Digital Coverage in a Digital World

by Thomas Burks last modified Apr 04, 2012 10:53 AM

Name(s)
Thomas Burks
Location
Birmingham, AL USA
Age
26
Profession
Cinematographer

Video Proposal

We have a small production company in Birmingham, Alabama. I was hired on a year ago to do film and commercials for them as they expand into advertising and video coverage of events. We only have about three employees including myself, working out of our homes. We recently acquired a space to open a studio and retail location downtown where we live. We use Facebook, blogs, and viral marketing all the time to get our name out there. Our account executive is constantly monitoring our Facebook for client orders and bookings. We are beginning to use twitter to provide information more fluidly to people. We believe this might be a year of growth for our small company, as we are able to provide better quality content. We're fully digital, constantly updating our websites and blogs, and I believe we would be able to tell a great digital story. We submit numerous small films and skits, we cover awesome concerts, and rely so heavily on the digital world to show our content. This will be the gist of our video.

Video Genre
Film

 

Interview

What do you understand by the term Digital Native? Do you consider yourself one?
The term digital native, I understand, is any person living a lifestyle dominated by technology. It is a facet in their day to day lives and a staple in
their structure and organization. I do consider myself a digital native; I spend more time a day dealing with technology than not. I don't think your background could have anything to do with someone's status as a digital native, unless their location and situation would keep them from accessing it. But the beauty of the internet and our way of life is that the world is much smaller today. Our window to the world is becoming a doorway.

There is a perception that a digital native is typical of a young, American geek who’s plugged in to his devices 24x7 and apathetic to social causes. You agree?
I agree that this perception exists. Most people's first thought about my country (U.S.) when you think of a techie or a social media addict is a hipster in a coffee shop with an indie band and a hemp beanie. But this is only in my country; I see people of all cultures and creeds flourishing with technology all the time, involved with causes and doing their bit for society, whether they come from America or other countries.

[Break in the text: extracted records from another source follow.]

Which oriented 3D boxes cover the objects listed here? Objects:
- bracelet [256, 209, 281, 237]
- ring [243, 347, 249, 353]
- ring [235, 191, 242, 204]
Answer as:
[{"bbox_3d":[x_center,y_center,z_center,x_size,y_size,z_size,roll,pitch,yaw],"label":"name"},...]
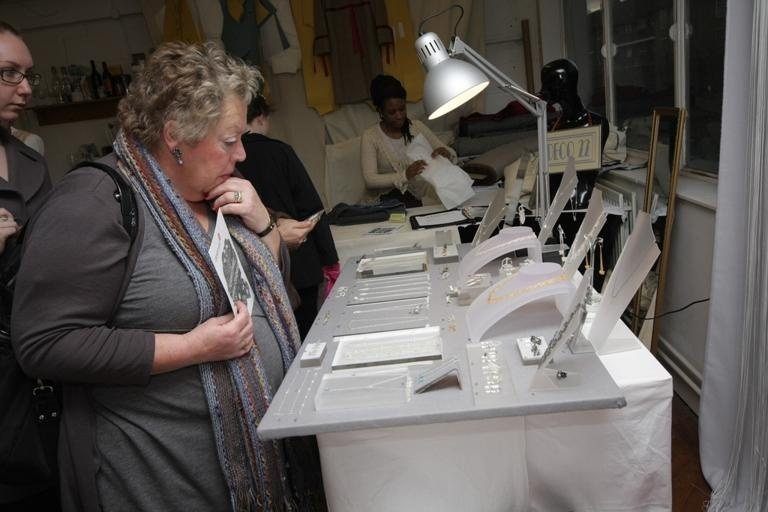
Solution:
[{"bbox_3d":[-0.469,-0.131,2.091,0.113,0.125,0.076,-2,-8,38],"label":"bracelet"},{"bbox_3d":[-0.450,0.307,1.688,0.015,0.014,0.004,21,-18,-32],"label":"ring"},{"bbox_3d":[-0.522,-0.212,1.840,0.028,0.031,0.026,5,3,0],"label":"ring"}]
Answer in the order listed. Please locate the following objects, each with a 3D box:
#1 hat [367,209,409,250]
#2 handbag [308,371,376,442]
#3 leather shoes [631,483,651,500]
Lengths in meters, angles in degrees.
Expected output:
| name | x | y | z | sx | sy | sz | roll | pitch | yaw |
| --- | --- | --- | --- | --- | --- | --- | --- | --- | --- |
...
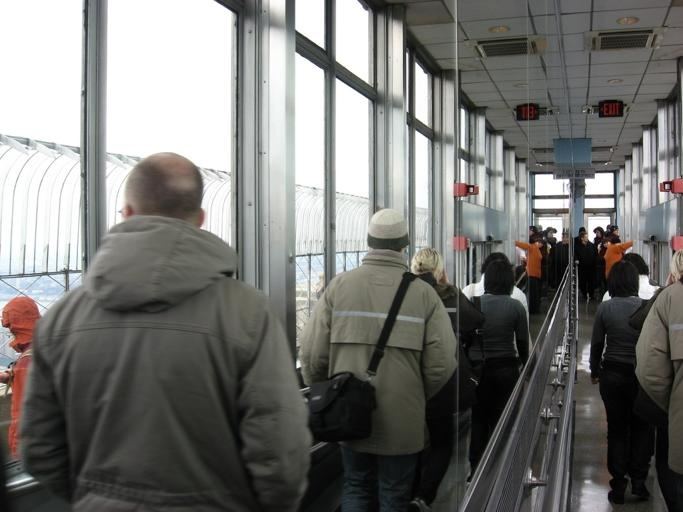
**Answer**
| name | x | y | z | sx | sy | sz | roll | pitch | yaw |
| --- | --- | --- | --- | --- | --- | --- | --- | --- | --- |
| hat | 0.205 | -0.140 | 2.773 | 0.190 | 0.173 | 0.215 | 10 | 26 | 19 |
| handbag | -0.032 | 0.658 | 2.608 | 0.276 | 0.271 | 0.194 | -27 | -38 | 32 |
| leather shoes | 2.144 | 1.697 | 4.480 | 0.154 | 0.155 | 0.072 | 1 | -4 | -38 |
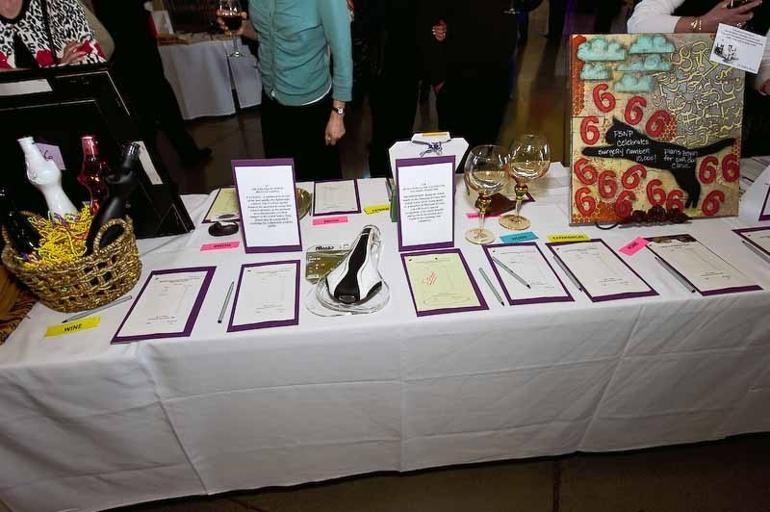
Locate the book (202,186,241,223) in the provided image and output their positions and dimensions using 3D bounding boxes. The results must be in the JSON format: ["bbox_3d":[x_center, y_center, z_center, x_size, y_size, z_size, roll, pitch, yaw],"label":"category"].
[{"bbox_3d":[-0.685,-0.225,2.249,0.139,0.012,0.181,-5,66,-11],"label":"book"}]

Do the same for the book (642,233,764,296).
[{"bbox_3d":[1.152,0.035,1.914,0.194,0.004,0.312,-5,34,-9],"label":"book"}]

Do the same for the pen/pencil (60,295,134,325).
[{"bbox_3d":[-1.017,0.190,1.835,0.214,0.022,0.021,-22,55,-21],"label":"pen/pencil"}]

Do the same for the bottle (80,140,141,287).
[{"bbox_3d":[-0.964,-0.176,1.828,0.101,0.469,0.117,44,28,23],"label":"bottle"}]

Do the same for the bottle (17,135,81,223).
[{"bbox_3d":[-1.203,-0.272,1.882,0.091,0.363,0.091,2,51,-3],"label":"bottle"}]

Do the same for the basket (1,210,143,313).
[{"bbox_3d":[-1.064,0.034,1.909,0.349,0.288,0.389,18,39,28],"label":"basket"}]

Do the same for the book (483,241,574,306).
[{"bbox_3d":[0.513,0.063,1.900,0.188,0.005,0.283,-5,44,-4],"label":"book"}]

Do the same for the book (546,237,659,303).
[{"bbox_3d":[0.804,0.035,1.951,0.248,0.002,0.400,-1,31,-11],"label":"book"}]

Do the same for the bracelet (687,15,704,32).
[{"bbox_3d":[1.317,-0.979,2.219,0.046,0.067,0.017,5,-1,7],"label":"bracelet"}]
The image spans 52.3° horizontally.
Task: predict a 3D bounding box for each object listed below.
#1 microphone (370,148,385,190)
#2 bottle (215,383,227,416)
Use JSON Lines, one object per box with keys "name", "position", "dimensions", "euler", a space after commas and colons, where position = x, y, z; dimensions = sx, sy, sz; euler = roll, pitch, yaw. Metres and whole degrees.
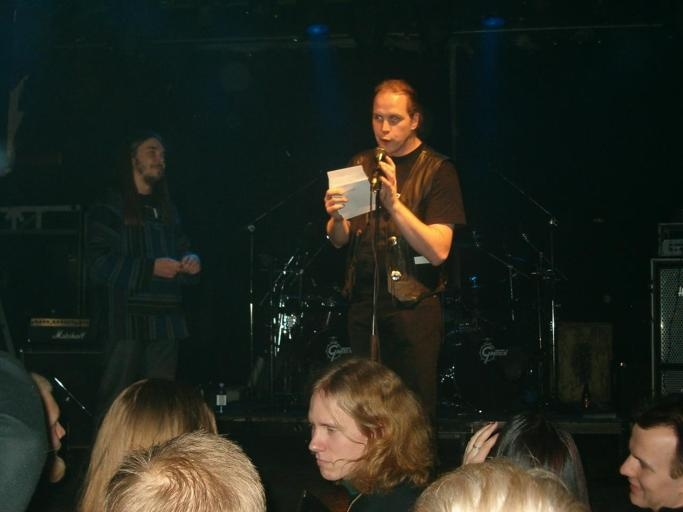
{"name": "microphone", "position": [0.214, -0.495, 4.004], "dimensions": [0.080, 0.277, 0.224], "euler": [0, -11, 4]}
{"name": "bottle", "position": [-1.053, 1.262, 6.047], "dimensions": [0.171, 0.319, 0.170], "euler": [-1, -10, 0]}
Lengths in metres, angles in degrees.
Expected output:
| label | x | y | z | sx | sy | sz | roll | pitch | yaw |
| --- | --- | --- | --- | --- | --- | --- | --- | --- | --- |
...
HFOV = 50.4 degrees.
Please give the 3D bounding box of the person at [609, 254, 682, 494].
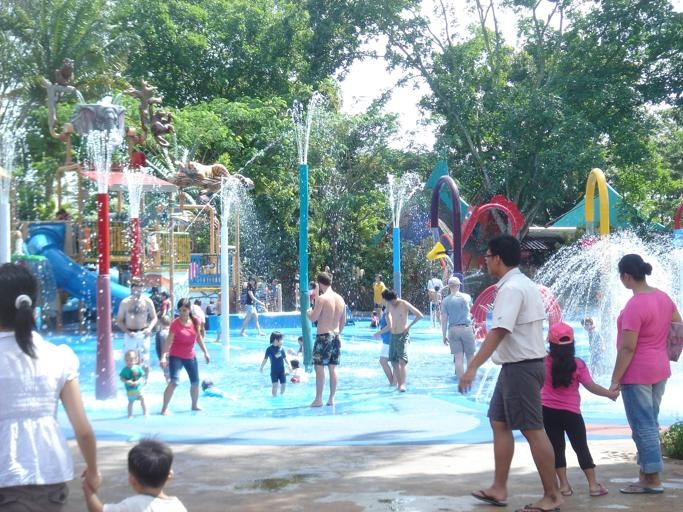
| label | x | y | z | sx | sy | sz | roll | pitch | yaw |
| --- | --- | --- | --- | --- | --- | --- | --- | --- | --- |
| person | 3.077 | 1.163 | 7.368 | 0.688 | 1.933 | 0.452 | -2 | -2 | 13 |
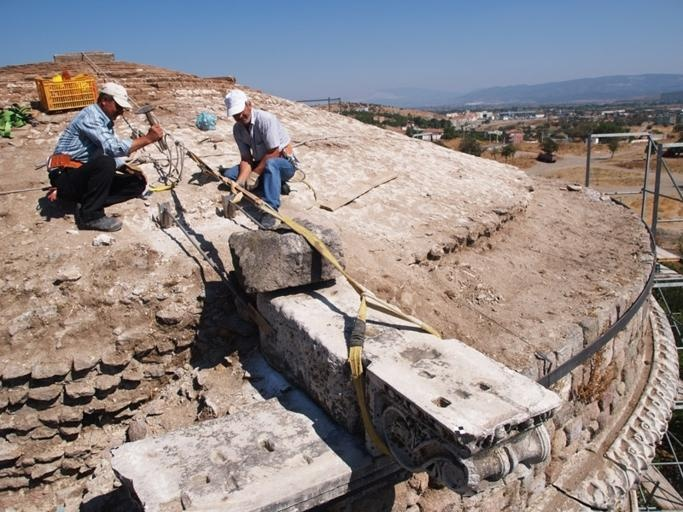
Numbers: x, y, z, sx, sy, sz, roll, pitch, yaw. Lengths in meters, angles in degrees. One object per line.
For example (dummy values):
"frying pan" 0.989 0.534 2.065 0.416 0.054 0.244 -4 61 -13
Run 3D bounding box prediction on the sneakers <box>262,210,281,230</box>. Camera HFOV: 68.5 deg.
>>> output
"sneakers" -0.763 -0.374 5.246 0.202 0.120 0.348 -12 17 -17

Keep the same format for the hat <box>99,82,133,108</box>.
"hat" -2.252 -1.611 5.038 0.264 0.246 0.333 -3 21 -10

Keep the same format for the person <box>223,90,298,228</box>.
"person" -0.974 -1.185 5.766 0.828 1.360 1.222 0 22 -2

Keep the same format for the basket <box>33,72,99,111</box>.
"basket" -3.900 -2.305 7.364 0.793 0.398 0.735 -17 38 -29

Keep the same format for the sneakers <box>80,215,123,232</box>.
"sneakers" -2.338 -0.332 4.965 0.400 0.122 0.160 -1 29 -5

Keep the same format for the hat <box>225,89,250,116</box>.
"hat" -1.139 -1.653 5.464 0.228 0.278 0.283 -3 22 -8

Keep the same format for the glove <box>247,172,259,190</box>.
"glove" -1.026 -0.857 5.792 0.077 0.190 0.146 39 7 4

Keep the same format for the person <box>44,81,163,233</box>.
"person" -2.391 -0.997 5.030 0.927 1.416 0.835 -14 27 -31
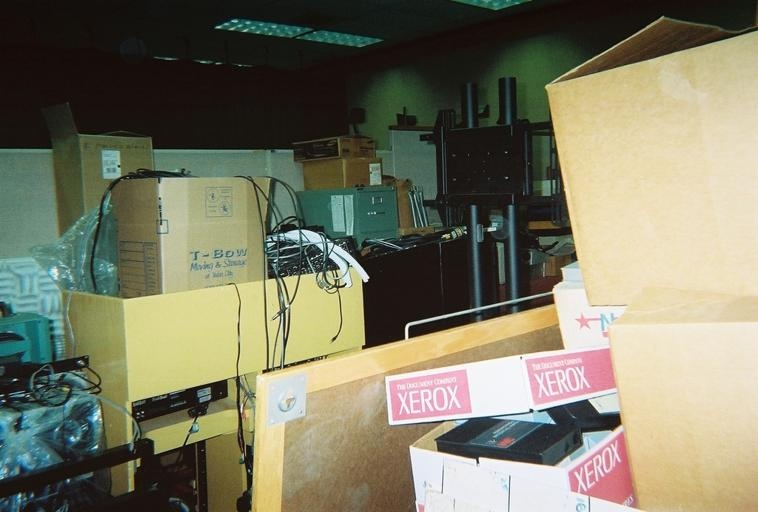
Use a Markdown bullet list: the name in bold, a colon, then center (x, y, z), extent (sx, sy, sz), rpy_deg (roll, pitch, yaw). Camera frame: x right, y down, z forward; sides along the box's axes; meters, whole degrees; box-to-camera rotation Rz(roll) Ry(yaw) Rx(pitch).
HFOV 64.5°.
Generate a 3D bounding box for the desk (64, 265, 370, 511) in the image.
- **desk**: center (-0.592, 0.562, 2.480), extent (0.997, 0.956, 0.477), rpy_deg (-9, 7, -36)

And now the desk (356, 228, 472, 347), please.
- **desk**: center (0.247, 0.111, 4.044), extent (0.745, 0.418, 0.420), rpy_deg (-9, 17, 15)
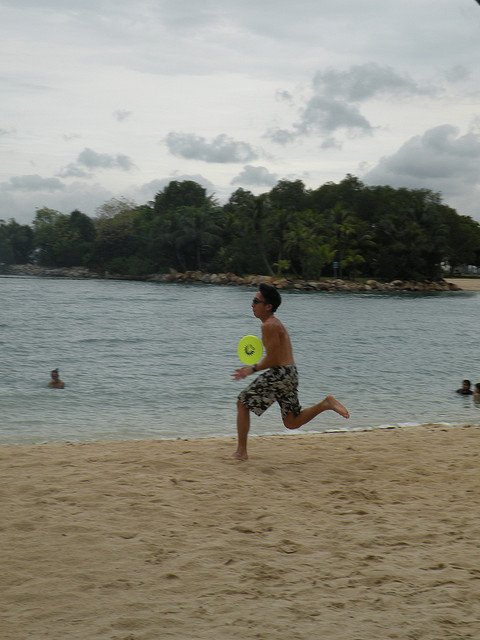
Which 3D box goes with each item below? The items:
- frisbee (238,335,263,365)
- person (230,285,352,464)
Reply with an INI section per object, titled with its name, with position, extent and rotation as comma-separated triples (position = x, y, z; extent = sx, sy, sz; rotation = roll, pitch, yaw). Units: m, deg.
[frisbee]
position = 0.116, 0.293, 7.606
extent = 0.195, 0.277, 0.405
rotation = 1, 8, -17
[person]
position = 0.462, 0.572, 7.552
extent = 1.002, 1.807, 0.821
rotation = 3, 9, 0
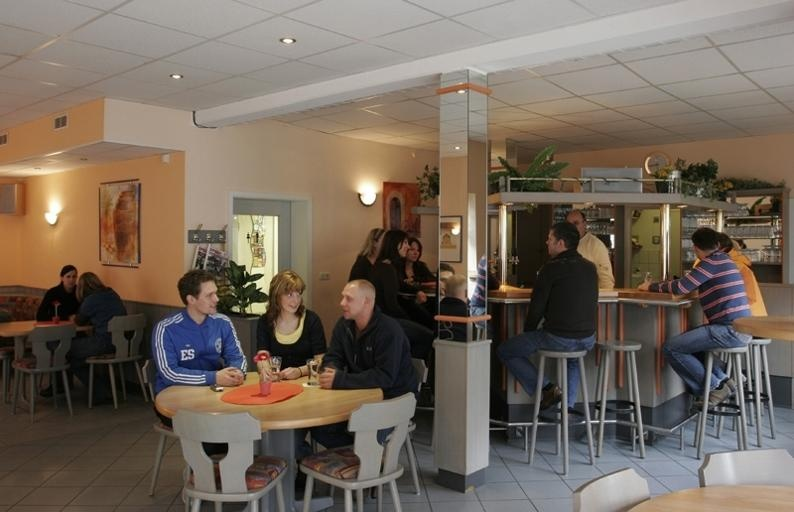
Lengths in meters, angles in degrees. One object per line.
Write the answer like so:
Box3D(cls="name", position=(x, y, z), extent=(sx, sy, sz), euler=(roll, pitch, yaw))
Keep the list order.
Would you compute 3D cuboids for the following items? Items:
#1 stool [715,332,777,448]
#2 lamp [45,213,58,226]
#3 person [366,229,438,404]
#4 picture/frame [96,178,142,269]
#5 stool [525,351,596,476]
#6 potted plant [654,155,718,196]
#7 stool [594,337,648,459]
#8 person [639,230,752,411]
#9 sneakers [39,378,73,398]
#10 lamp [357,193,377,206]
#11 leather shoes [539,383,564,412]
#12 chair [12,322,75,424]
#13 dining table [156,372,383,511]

Can digital natives from developing nations create an impact with digital activism?
Absolutely! Take the Kony 2012 campaign. Although it ended badly for the director, it caused a major buzz in less than a week. It's only a matter of time before pop culture takes a hold of it and we see it in major media like sitcoms and cartoons. I try to stay involved with film making endeavors going on around my town through Facebook and Twitter. I did a digital ad for "Operation Warm", a charity that provides coats to children in need.

Activism has changed in the last decade. How effective are online campaigns in raising awareness about an issue vis-à-vis onsite deployment?
I think it's much more effective than it was five years ago, and seems to still be growing, especially where the younger generation is involved. The only drawback to the effectiveness of digital activism is that it discourages educating yourself about an issue in its entirety. Once again, take Kony2012, so many people took it at face value. But it raised ire with many due to the Foundation's shaky background and vague details. It's easy to get your message to the masses, but it's also easy to not see the whole picture.

Are digital natives taking the easy way out by what critics say is ‘slacktivism’: tweeting, linking and liking about grave social issues?
Unfortunately, yes I think so. Some get so wrapped up in "getting their message out" that they don't remember to ACT. You'll affect more lives out there on the street, than you ever will behind a computer. You have to find balance in the two.

A recent example of digital native activism is the Get Kony video campaign. What are your thoughts on the criticism it received?
I honestly thought the video was well edited and shot, and delivered a message strongly. But further digging led to details that were not so noble about the Invisible Children’s organization; the possibility that Joseph Kony has not been heard from in years and may be dead. It's just important to step back and say, "Okay, they seem to have a strong argument here, but what if..."

Are we seeing a trend where digital natives are more involved with local causes than with global issues?
It's just easier for most people to tackle things close to home, and that's okay. Imagine if EVERYONE focused on their own community and well being, everyone would be better off. That's no reason to try and help someone who's far away, but you can do more good in person than you can do over the internet. It's good to incorporate it into your strategy, but remember it's you actions that count.

Your thoughts on Citizen Action and the use of ICT
I think we're going through a transition, people are learning more and more through the internet, and have access to such powerful tools. It's going to be a renaissance of knowledge and creativity. I have learned more technical details for my trade off the internet in a year, than I have during my time in school. It's an exciting time to be alive.